Stodgy medical societies are partnering with, and creating, online companies. What can they do for your practice?

By Wayne J. Guglielmo
Senior Editor

Internist Robert Meacham of Hernando, MS, sounds like a kid with a new toy when he talks about his just-completed practice Web site.

"It will allow us to post announcements, respond to routine questions, refill prescriptions, profile staff, and list who's in the office at what time," he says. "I'm very excited about it."

Meacham's new site is produced by Medem, a for-profit company founded in 1999 by the AMA and six other medical societies, along with several outside investors. The initial idea was to enable doctors to provide high-quality clinical data to their patients, as well as other services. But the company expanded the Web sites to include other information, too.

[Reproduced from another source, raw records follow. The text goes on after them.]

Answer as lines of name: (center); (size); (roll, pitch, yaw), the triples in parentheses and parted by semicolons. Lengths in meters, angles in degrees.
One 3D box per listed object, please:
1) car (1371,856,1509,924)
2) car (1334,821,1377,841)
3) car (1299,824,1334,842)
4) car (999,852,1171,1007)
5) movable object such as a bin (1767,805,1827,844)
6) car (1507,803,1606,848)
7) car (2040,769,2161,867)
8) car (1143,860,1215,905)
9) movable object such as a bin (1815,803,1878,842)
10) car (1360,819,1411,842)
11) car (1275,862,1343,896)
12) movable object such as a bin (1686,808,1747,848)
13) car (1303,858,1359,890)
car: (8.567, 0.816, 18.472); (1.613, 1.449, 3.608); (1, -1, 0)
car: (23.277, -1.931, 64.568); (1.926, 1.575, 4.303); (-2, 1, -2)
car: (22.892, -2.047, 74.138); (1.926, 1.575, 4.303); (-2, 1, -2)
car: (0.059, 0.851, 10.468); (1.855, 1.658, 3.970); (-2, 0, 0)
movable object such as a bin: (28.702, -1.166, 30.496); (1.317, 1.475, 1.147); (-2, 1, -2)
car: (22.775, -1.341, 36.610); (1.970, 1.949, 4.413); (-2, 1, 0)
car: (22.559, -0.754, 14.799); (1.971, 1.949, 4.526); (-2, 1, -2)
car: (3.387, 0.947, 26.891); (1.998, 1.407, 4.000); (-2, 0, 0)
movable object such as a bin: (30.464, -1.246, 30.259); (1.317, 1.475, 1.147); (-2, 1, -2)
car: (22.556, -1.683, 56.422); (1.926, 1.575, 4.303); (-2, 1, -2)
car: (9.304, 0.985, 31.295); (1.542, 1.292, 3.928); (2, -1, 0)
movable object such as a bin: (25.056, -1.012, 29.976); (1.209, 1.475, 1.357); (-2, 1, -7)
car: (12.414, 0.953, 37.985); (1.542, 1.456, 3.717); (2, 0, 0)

Since Medem's official launch last June, 27 more societies have signed partnership agreements, including Meacham's own Mississippi State Medical Association. About 27,000 physicians have joined the Medem network, according to company figures. Except for those requesting advertising-free sites, the service for now is a no-charge member benefit.

Organized medicine's foray into e-commerce isn't limited to Medem. In state after state, as well as at the national level, medical societies have jumped on the e-commerce bandwagon. Some have seen a market niche and created new companies. More typically, doctor organizations have partnered with existing online companies to form joint ventures.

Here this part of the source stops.